Dec 23, 201310:16 AMPoint of View

The METROPOLIS Blog

An Invitation To Open Worship

An Invitation To Open Worship

All photos: Paul Clemence

Designed in 2009 by Sauerbruch Hutton, a Berlin based firm, the Immanuel Church and Parish Center occupies a quaint neighborhood in Stammheim, a suburb of Cologne, a city with a strong tradition of religious architecture; its renowned cathedral is Germany’s most visited public building after the Reichstag.

As a solution to their financial struggles two parishes decided to join forces and sold their existing properties and together invest in a new building that could house all their faithful in way that was more in keeping with their current financial standing and adjusted to the growing community side of their activities. “What we found most difficult was to design a very compact, practical and flexible building, which also retains a joyful atmosphere and a somewhat sacred aura”, said Matthias Sauerbruch, one of the principals at Sauerbruch Hutton, about the project. “This building now has to be everything for them: sacred and social as well as cultural space, a place of worship and the place of the community.”

The compound is organized around an existing garden; the bell tower, the church, the small chapel, and columbarium (where funeral urns are deposited) are anchored around the trees and just slightly removed from the street. The path that leads to the buildings serves as an open air preamble to the complex.

Inside the main theme seems to be adaptability. Next to the nave are the community and music rooms on one side and the kitchen and sacristy and on the other. The objective is to give rooms as much variety of use as possible: group meetings, band rehearsals, youth or senior groups, cooking, yoga sessions.

The wall that separates nave from community room can be opened to integrate these spaces and create space for larger groupings. The nave itself is an open area with flexible seating that can be re-arranged as the community needs it.

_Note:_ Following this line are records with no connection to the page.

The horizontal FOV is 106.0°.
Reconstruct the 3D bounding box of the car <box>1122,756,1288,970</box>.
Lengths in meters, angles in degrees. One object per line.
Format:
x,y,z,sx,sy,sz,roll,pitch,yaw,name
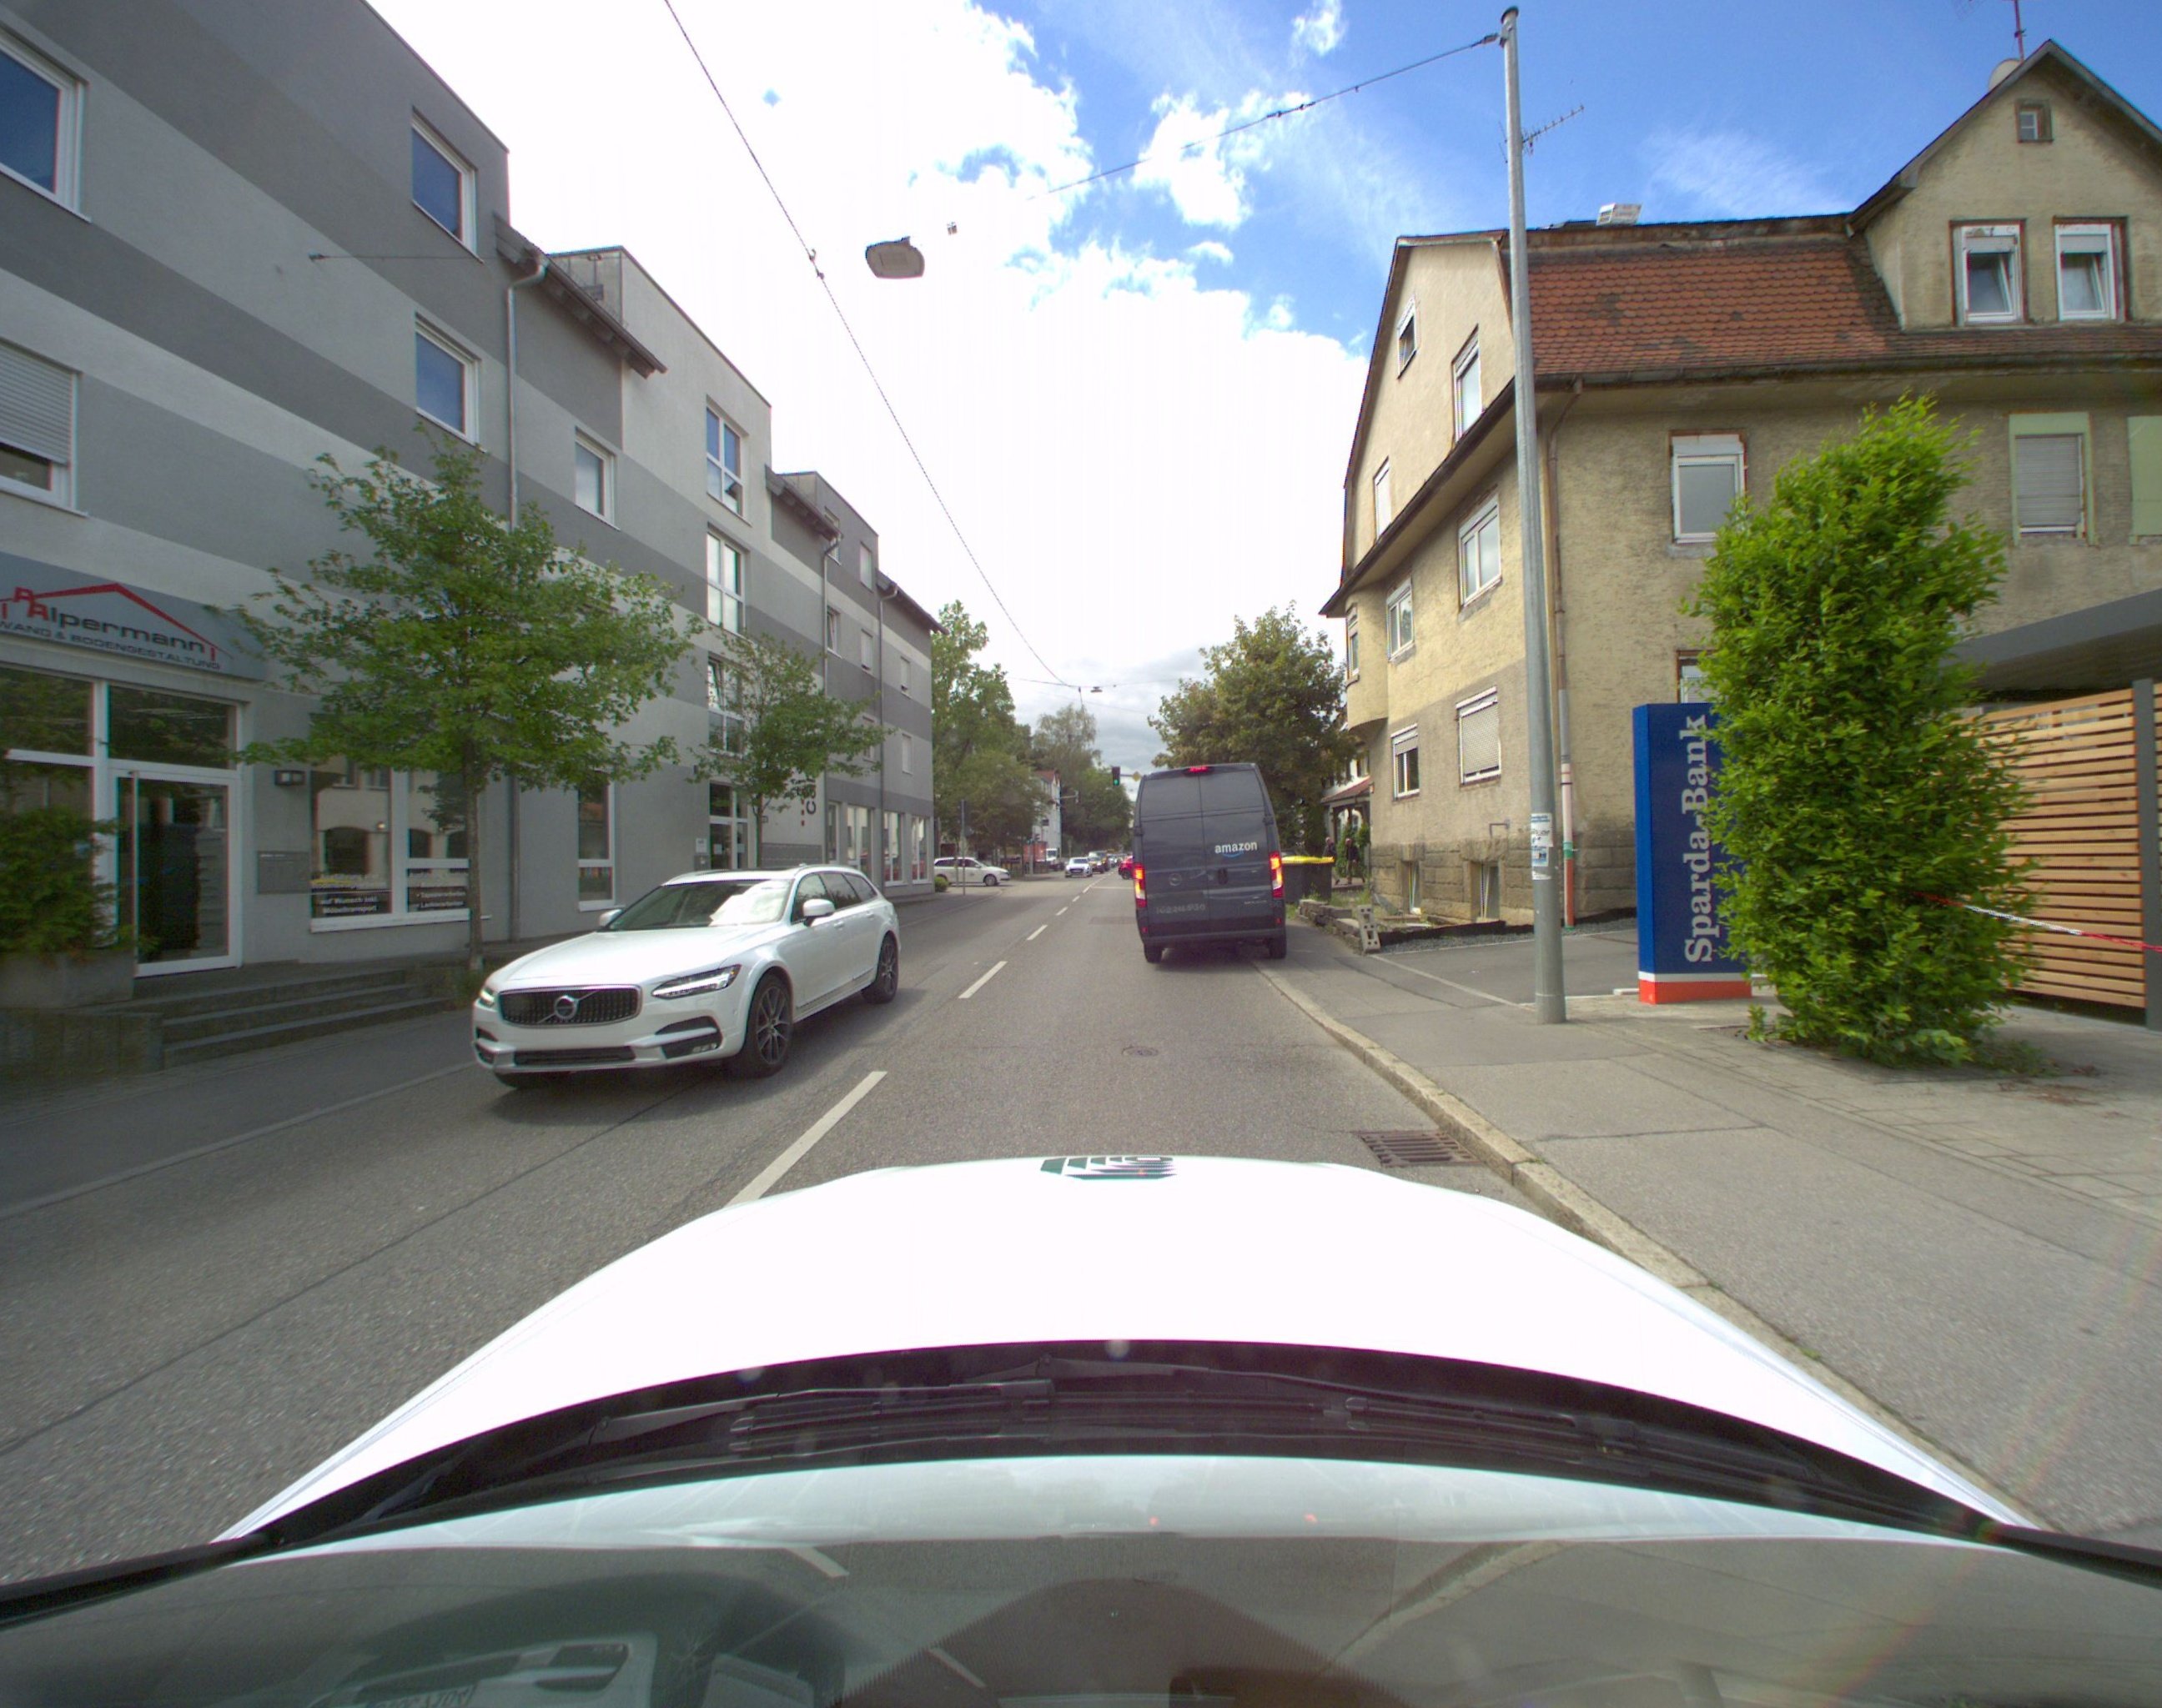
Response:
2.234,0.129,13.818,2.134,2.770,6.269,-1,0,11,car

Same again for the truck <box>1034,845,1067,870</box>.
-3.021,0.375,82.117,2.212,2.380,6.338,0,-1,7,truck

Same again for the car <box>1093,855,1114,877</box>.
2.125,1.104,76.999,1.869,1.912,4.755,0,0,3,car

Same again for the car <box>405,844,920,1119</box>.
-3.014,0.778,7.328,1.890,1.559,4.803,-4,0,3,car

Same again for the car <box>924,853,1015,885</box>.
-5.579,0.735,41.020,4.193,1.513,1.824,0,1,4,car

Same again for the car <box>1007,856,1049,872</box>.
-4.832,0.908,74.845,3.680,1.425,1.805,0,0,0,car

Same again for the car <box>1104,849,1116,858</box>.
6.400,-0.039,178.233,2.134,1.981,4.941,0,-1,7,car

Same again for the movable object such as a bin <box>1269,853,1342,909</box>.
5.351,0.623,19.476,1.189,1.266,1.199,-1,0,-27,movable object such as a bin

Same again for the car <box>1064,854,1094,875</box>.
-0.098,0.724,58.790,1.865,1.424,4.120,0,0,4,car

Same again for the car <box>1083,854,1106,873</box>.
1.149,0.791,68.923,1.720,1.538,4.004,0,0,4,car

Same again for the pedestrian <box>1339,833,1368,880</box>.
9.752,0.086,29.170,0.777,1.643,0.803,-1,0,34,pedestrian

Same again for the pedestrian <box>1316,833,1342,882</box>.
9.076,0.134,29.810,0.733,1.782,0.905,-1,0,26,pedestrian

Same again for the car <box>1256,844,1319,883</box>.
9.560,0.393,37.511,1.735,1.517,4.104,-5,0,29,car

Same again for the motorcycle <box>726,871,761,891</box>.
-18.414,1.454,44.450,1.201,1.004,2.332,0,0,-8,motorcycle

Built of load-bearing timber frames made of veneer laminated finnish spruce, the architecture features basic geometric volumes similar to the neighboring middle class houses. But the wood is laid in a playful manner, creating diagonal patterns that give movement to the facades ( where the wood was covered in larch weatherboarding, treated only with a gray stain to achieve prepatination). Being that it’s made of the same timber as the rest of the building and finished in the same way, the structure is left exposed, its supporting role seems to disappear and blend in with the partition panels. Exquisitely crafted and precisely detailed, its bleached whiteness is rendered more airy as it is washed by light from the generous openings like the skylight above the altar and the expansive glass wall of the mezzanine above entrance foyer. This mezzanine fenestration is made of milky white glass, and functions as a screen that brings in the light but filters its excess. It also serves a metaphorical function, offering a silhouetted view of the big tree that grows just outside. In this way worshippers get a hint of the tree’s dimension but not its reality, as if to remind them of the mysteries of faith.

Across the nave from this glass wall the altar’s back wall is an elaborate partition, also made of timber; its small vertical slats painted in the sophisticated color schemes that Sauerbruch Hutton is famous for (the Brandhorst Museum in Munich comes to mind). This panel is lit from the skylight and its tone changes with the sun’s trajectory in the sky. There’s no dramatic biblical imagery, no high tech tricks – just this simple, earth-bound element that brings a new dimension to the experience of the architecture.

Just like churches everywhere facing dwindling attendance by the faithful, Immanuel had to seek creative solutions to continue its mission and expand its community outreach. The Sauerbruch Hutton design highlights this effort by the placement of the community rooms as a main feature of the floor plan. Thus the architects re-interpret a traditional religious layout and introduce a new openness to the built form, reflecting religious institutions trend towards broader views of their doctrines, while retaining some of the ethereal qualities associated with a house of worship.